S'more for Math: I love math songs. I originally would just Google them, search on You Tube every time I needed them, or email myself the link and pull it up before class started, but I like having them ready for the kids to look at. They can play them at home and I can mash it up with some instruction and skills based games. It is a bonus that it looks neat too.

I started using edmodo after it was introduced in a class. This has been a great tool to connect with students.

I have ventured into making movies with my classes, and some small groups have chosen that as an option for a performance. We just watched a reader's theater the kids did in class along with this PSA I made for my 510 course.

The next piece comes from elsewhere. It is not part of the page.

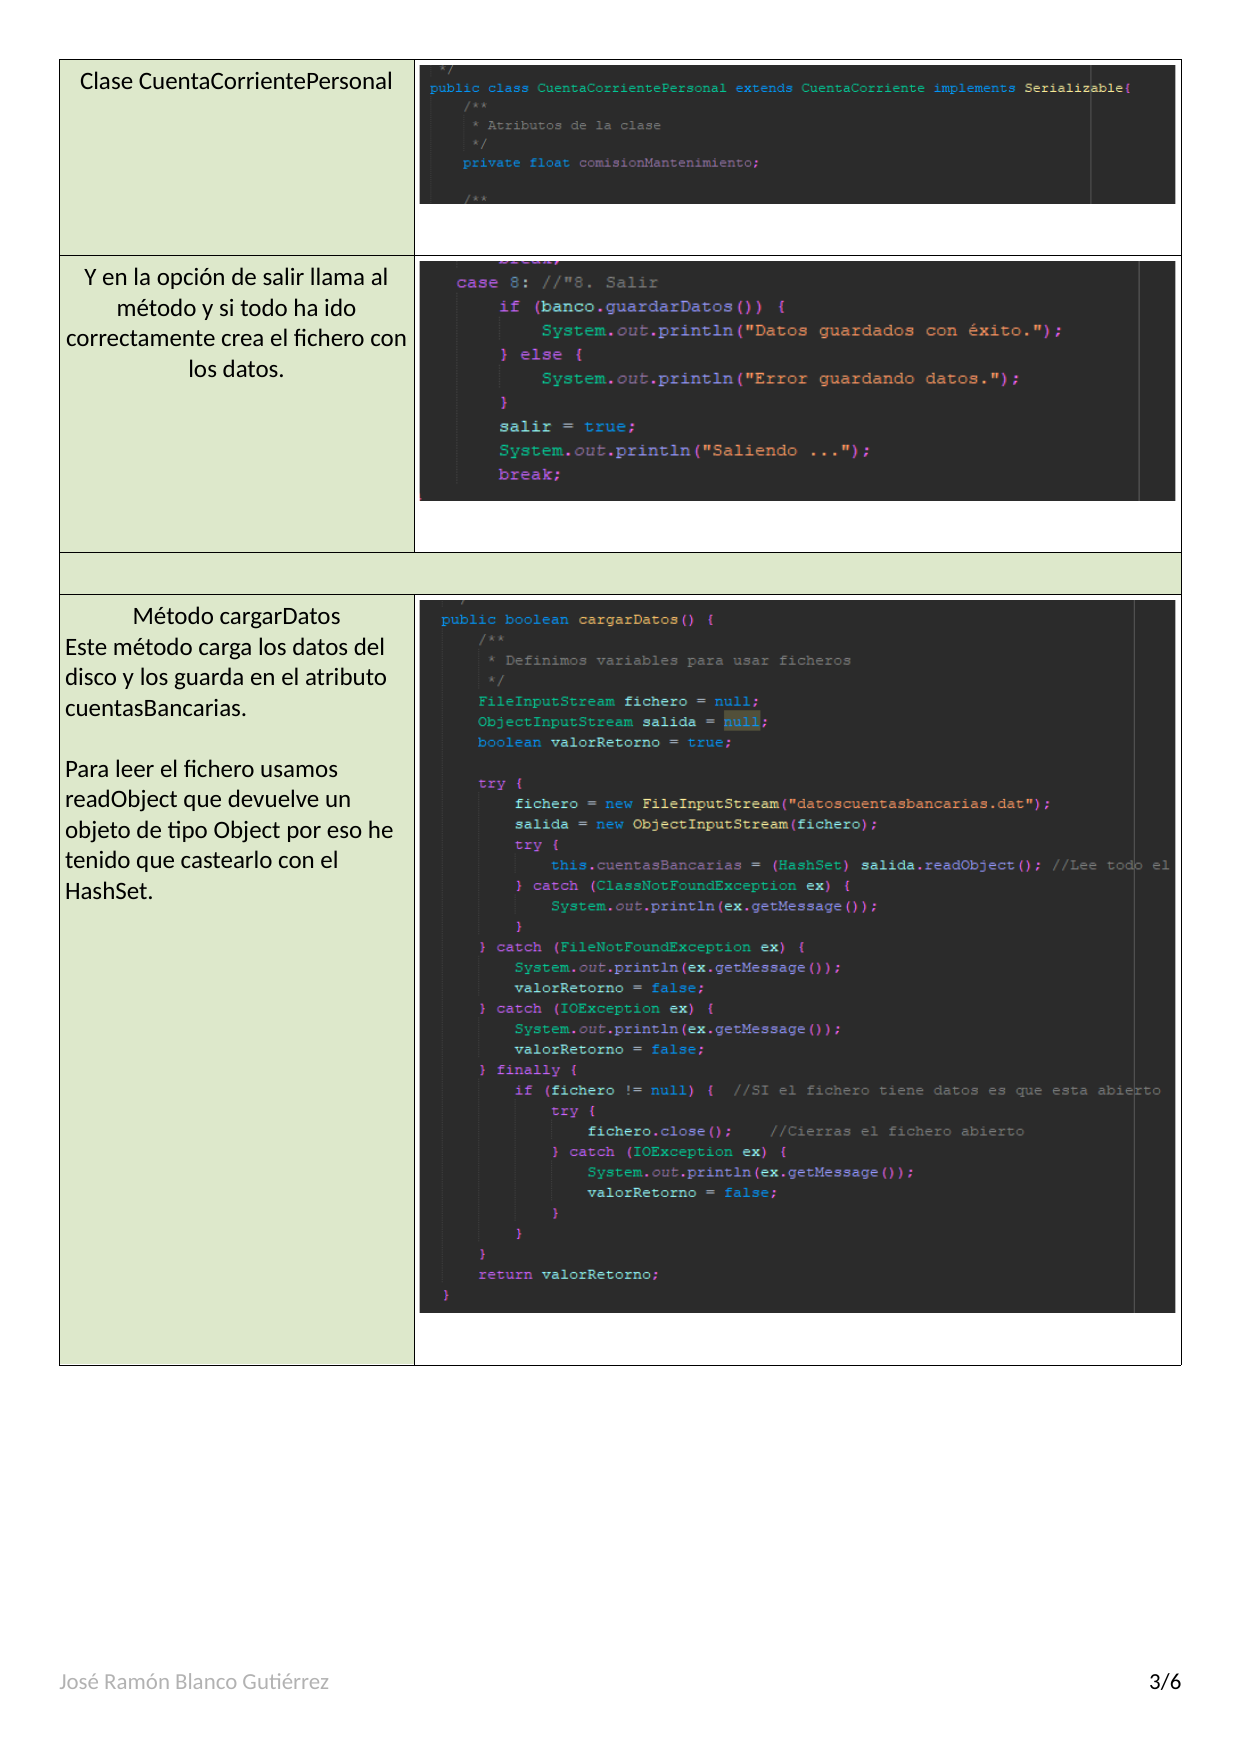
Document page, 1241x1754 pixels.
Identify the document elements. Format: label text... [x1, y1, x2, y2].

In Social Studies I have used Tic Tac Toe boards that I created in a class for Wilkes and I have been slowly improving.
My next great Social Studies idea is a video that I found that shows natives that have never met a white man before. I find it so remarkable that not only are there tribes that have no contact with the outside world, but that their first contact was recent enough to tape. I will show the beginning part of this from YouTube. https://www.youtube.com/watch?v=FyHYbsXt05k


Some of my other idea have just come from working with my teaching team and brain storming together. Together we have created great hands on projects. We challenge each other and point out pitfalls when we see them and support each other when none of us do. It is great to work on a supportive team. I did share the Snipping Tool on the computer, I didn't know it was there until a few weeks ago, that was a great find. 

Then there are the things I have stumbled on. I have followed endless streams of random clicks that have ended on great sites like Fakebook, where I will have the students create  a journal for an explorer.   Here is my example that is not nearly as polished as what I want the students to have when they are complete.Columbus

From the same site: http://www.superteachertools.com/ I have also made games for vocabulary. I hadn't been encouraging students to use the games and a student come up and asked me to update the set for the most recent lesson. It was a great reminder that even if I am not actively telling them to use a tool, if it is good they will ask to be able to use it. 

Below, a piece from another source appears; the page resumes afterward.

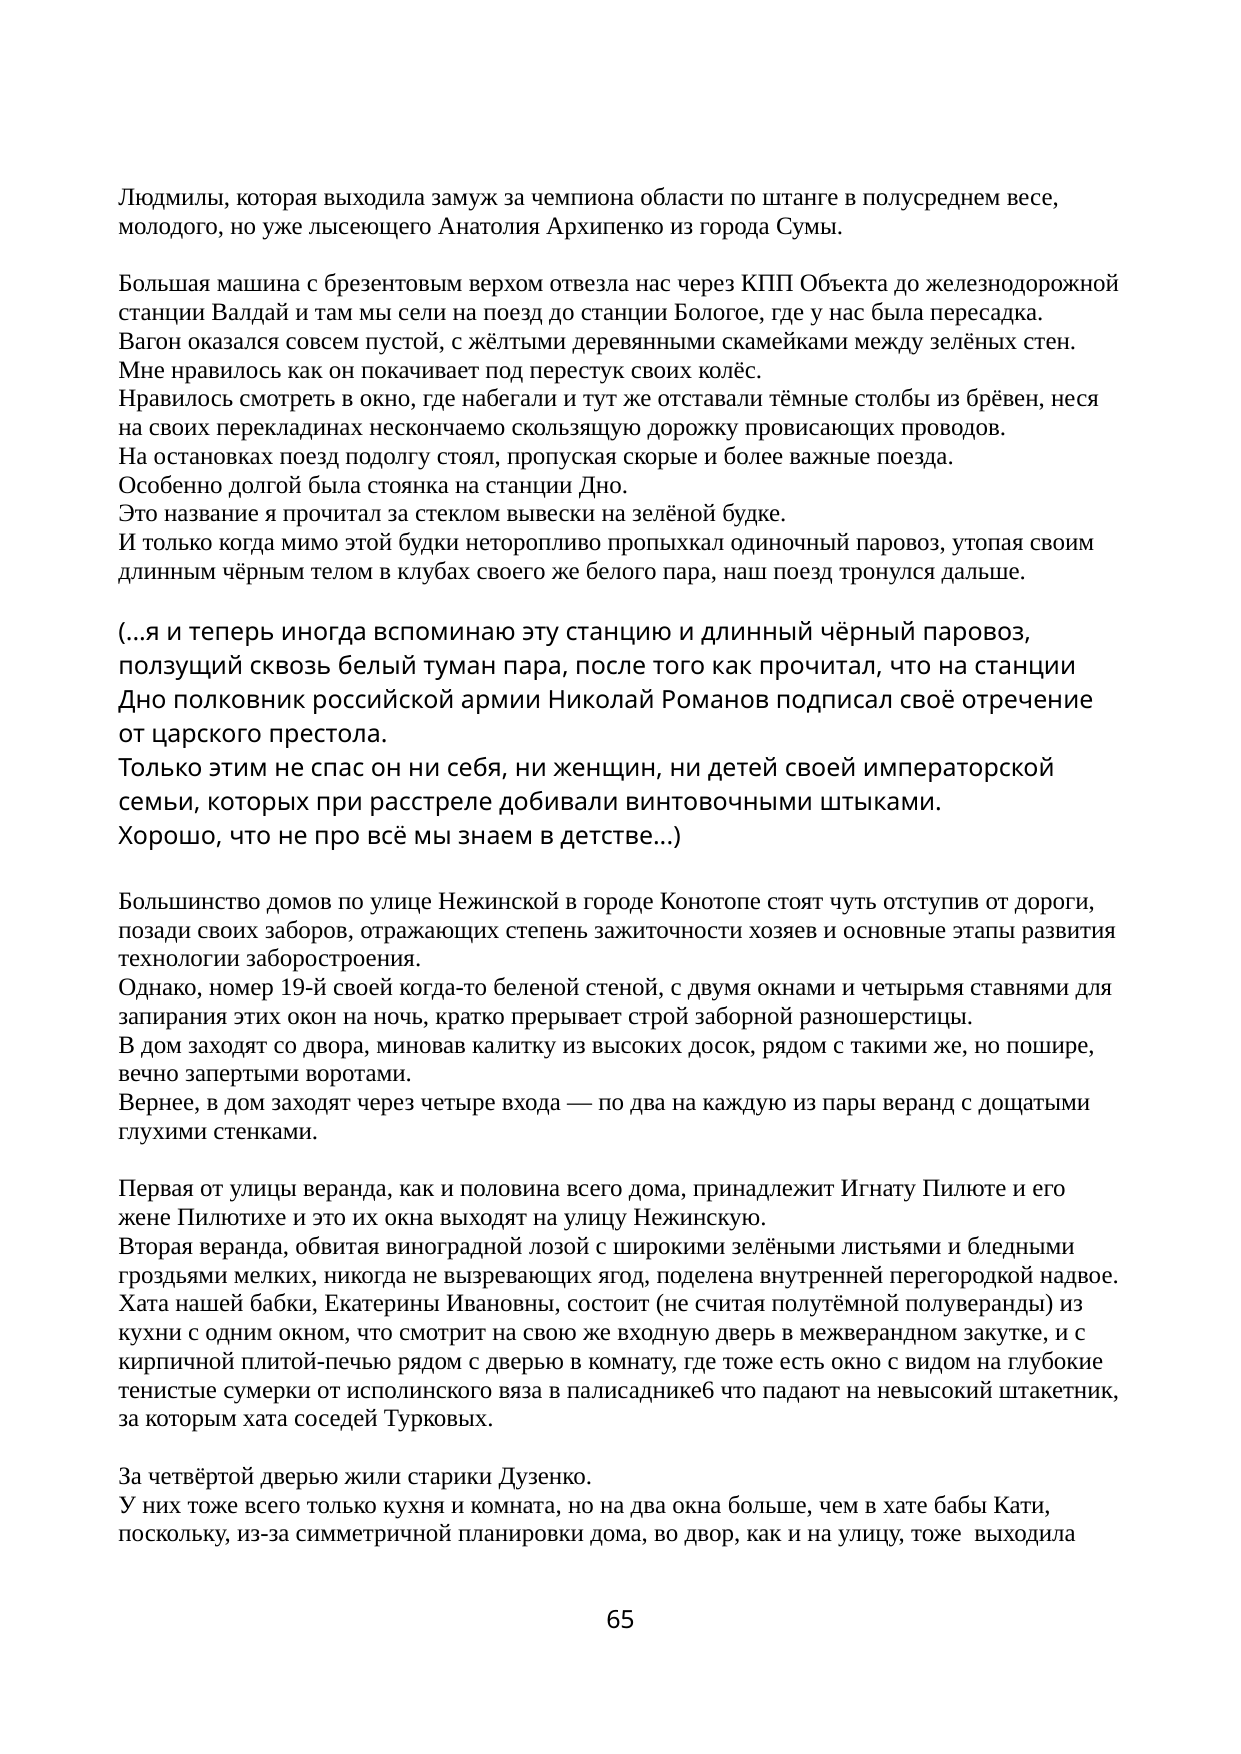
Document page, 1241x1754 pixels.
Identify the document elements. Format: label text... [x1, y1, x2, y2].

For everything that I have found and I have learned about, I am overwhelmed by all the new things I haven't even heard of. I will miss the support of fellow grad students at Wilkes when classes are done, but I am looking forward to being able to focus on using the tools I have learned about. http://www.symbaloo.com/ seems very cool, but I haven't had the free time to dig into it the way I need to to understand it. 

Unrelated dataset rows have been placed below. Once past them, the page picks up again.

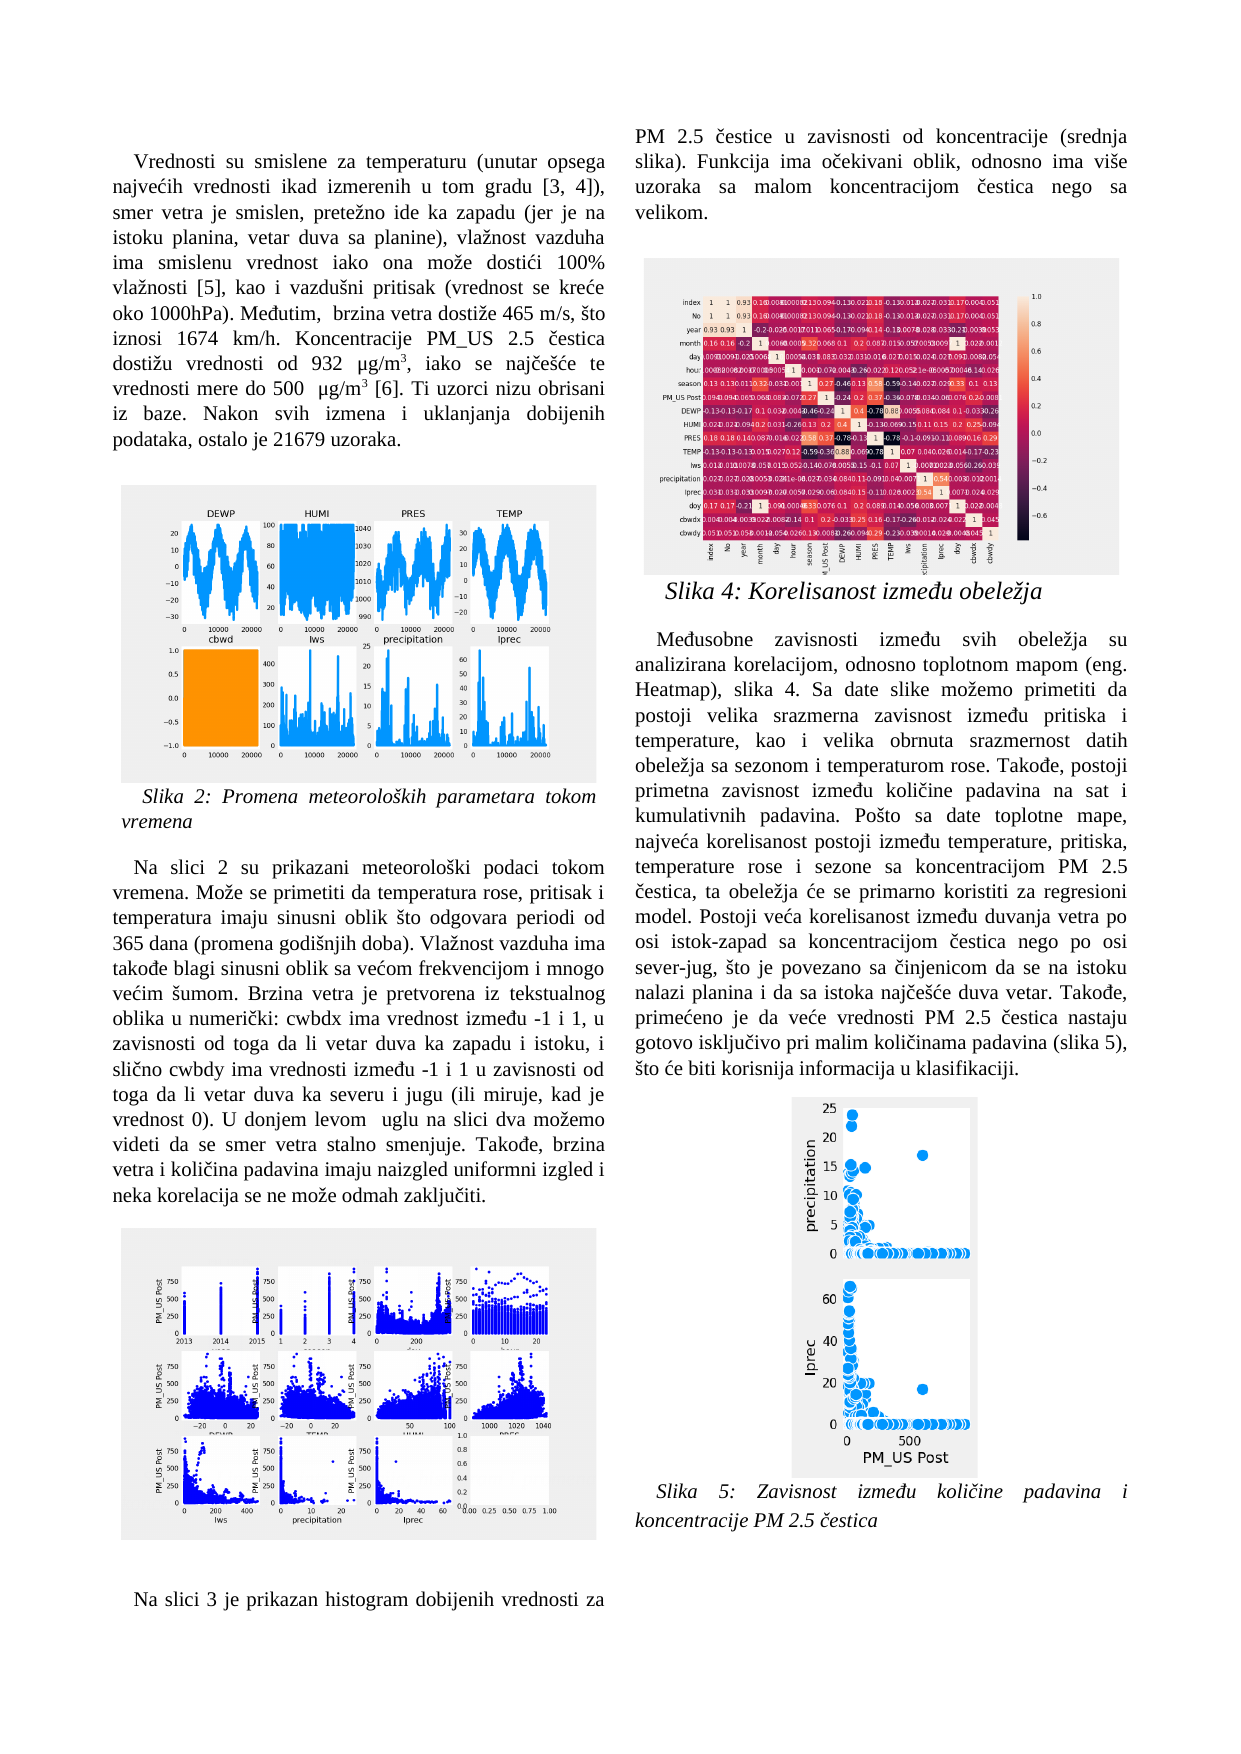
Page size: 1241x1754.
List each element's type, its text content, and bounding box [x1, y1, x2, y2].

text Na slici 3 je prikazan histogram dobijenih vrednosti za [112, 1587, 605, 1611]
text Međusobne zavisnosti između svih obeležja su analizirana korelacijom, odnosno toplotnom mapom (eng. Heatmap), slika 4. Sa date slike možemo primetiti da postoji velika srazmerna zavisnost između pritiska i temperature, kao i velika obrnuta srazmernost datih obeležja sa sezonom i temperaturom rose. Takođe, postoji primetna zavisnost između količine padavina na sat i kumulativnih padavina. Pošto sa date toplotne mape, najveća korelisanost postoji između temperature, pritiska, temperature rose i sezone sa koncentracijom PM 2.5 čestica, ta obeležja će se primarno koristiti za regresioni model. Postoji veća korelisanost između duvanja vetra po osi istok-zapad sa koncentracijom čestica nego po osi sever-jug, što je povezano sa činjenicom da se na istoku nalazi planina i da sa istoka najčešće duva vetar. Takođe, primećeno je da veće vrednosti PM 2.5 čestica nastaju gotovo isključivo pri malim količinama padavina (slika 5), što će biti korisnija informacija u klasifikaciji. [635, 225, 1128, 1079]
picture [643, 258, 1120, 575]
text Na slici 2 su prikazani meteorološki podaci tokom vremena. Može se primetiti da temperatura rose, pritisak i temperatura imaju sinusni oblik što odgovara periodi od 365 dana (promena godišnjih doba). Vlažnost vazduha ima takođe blagi sinusni oblik sa većom frekvencijom i mnogo većim šumom. Brzina vetra je pretvorena iz tekstualnog oblika u numerički: cwbdx ima vrednost između -1 i 1, u zavisnosti od toga da li vetar duva ka zapadu i istoku, i slično cwbdy ima vrednosti između -1 i 1 u zavisnosti od toga da li vetar duva ka severu i jugu (ili miruje, kad je vrednost 0). U donjem levom uglu na slici dva možemo videti da se smer vetra stalno smenjuje. Takođe, brzina vetra i količina padavina imaju naizgled uniformni izgled i neka korelacija se ne može odmah zaključiti. [112, 452, 605, 1207]
text Slika 5: Zavisnost između količine padavina i koncentracije PM 2.5 čestica [635, 1478, 1128, 1533]
picture [121, 485, 597, 783]
text Slika 4: Korelisanost između obeležja [644, 575, 1119, 605]
text Slika 2: Promena meteoroloških parametara tokom vremena [121, 783, 596, 833]
text Vrednosti su smislene za temperaturu (unutar opsega najvećih vrednosti ikad izmerenih u tom gradu [3, 4]), smer vetra je smislen, pretežno ide ka zapadu (jer je na istoku planina, vetar duva sa planine), vlažnost vazduha ima smislenu vrednost iako ona može dostići 100% vlažnosti [5], kao i vazdušni pritisak (vrednost se kreće oko 1000hPa). Međutim, brzina vetra dostiže 465 m/s, što iznosi 1674 km/h. Koncentracije PM_US 2.5 čestica dostižu vrednosti od 932 μg/m3, iako se najčešće te vrednosti mere do 500 μg/m3 [6]. Ti uzorci nizu obrisani iz baze. Nakon svih izmena i uklanjanja dobijenih podataka, ostalo je 21679 uzoraka. [112, 149, 605, 451]
picture [791, 1097, 978, 1478]
picture [121, 1228, 597, 1540]
text PM 2.5 čestice u zavisnosti od koncentracije (srednja slika). Funkcija ima očekivani oblik, odnosno ima više uzoraka sa malom koncentracijom čestica nego sa velikom. [635, 124, 1128, 224]

The challenges of being the first one to try something in my building is the push back from students and parents. I have heard a number of "They never had to do this before." and "Why do they have to do THIS." Projects that I have given that have a technical piece to them have been a source of frustration to parents who are unfamiliar with technology. If mom and dad don't know what a URL is, it is hard for them to help a struggling child copy it into an email so that I can see a finished product. I had this issue last year with the Fakebook project. I have found a way to model what I want and how to use the site in class for 3 days before I have the students work on it at home. I am hoping it will be a smoother run. In the end the kids LOVED the project, but tears were shed before they got to that point. My fingers are crossed for a tear free run this time around. 

I have found that while my students know how to play games, they do not know how to do some basic needs from their personal technology. They do not know how to print, or where to find their pictures on their iPod once they are plugged into a computer. They do not know how to properly save a file. They do not know how to type and without that skill, there are a number of online or with computer projects that take forever for them to P...I....C.......K      O.U......T all the letters. 

Despite the pitfalls I have found or stumbled into backwards over the past few years, I love using technology to reach my students and I am excited to learn something, or an overwhelming number of somethings in the next seven weeks. I already know what my first curiosity is- interactive textbooks-WHAT! That could be what I needed next in my life.